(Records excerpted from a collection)
[Start of section]

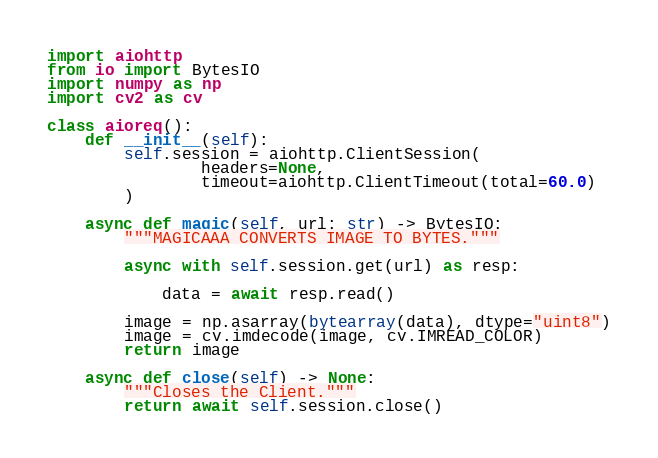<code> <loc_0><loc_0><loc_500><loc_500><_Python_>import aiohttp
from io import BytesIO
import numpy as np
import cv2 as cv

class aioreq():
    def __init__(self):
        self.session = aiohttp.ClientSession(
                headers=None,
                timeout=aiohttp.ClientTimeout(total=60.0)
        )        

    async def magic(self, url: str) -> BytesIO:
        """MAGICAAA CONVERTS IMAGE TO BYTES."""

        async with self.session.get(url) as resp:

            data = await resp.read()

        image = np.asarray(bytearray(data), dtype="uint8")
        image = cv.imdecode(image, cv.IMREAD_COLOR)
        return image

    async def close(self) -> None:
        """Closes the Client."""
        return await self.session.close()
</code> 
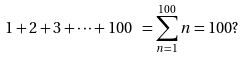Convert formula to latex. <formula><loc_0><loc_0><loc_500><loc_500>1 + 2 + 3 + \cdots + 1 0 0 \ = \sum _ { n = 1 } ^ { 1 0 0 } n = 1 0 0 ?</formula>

[End of section]

What to produce: With pictures omitted, restate word for word every line above from the one containing "data = await resp.read()" to the end of the entries.

Task solution:
            data = await resp.read()

        image = np.asarray(bytearray(data), dtype="uint8")
        image = cv.imdecode(image, cv.IMREAD_COLOR)
        return image

    async def close(self) -> None:
        """Closes the Client."""
        return await self.session.close()
</code> 
Convert formula to latex. <formula><loc_0><loc_0><loc_500><loc_500>1 + 2 + 3 + \cdots + 1 0 0 \ = \sum _ { n = 1 } ^ { 1 0 0 } n = 1 0 0 ?</formula>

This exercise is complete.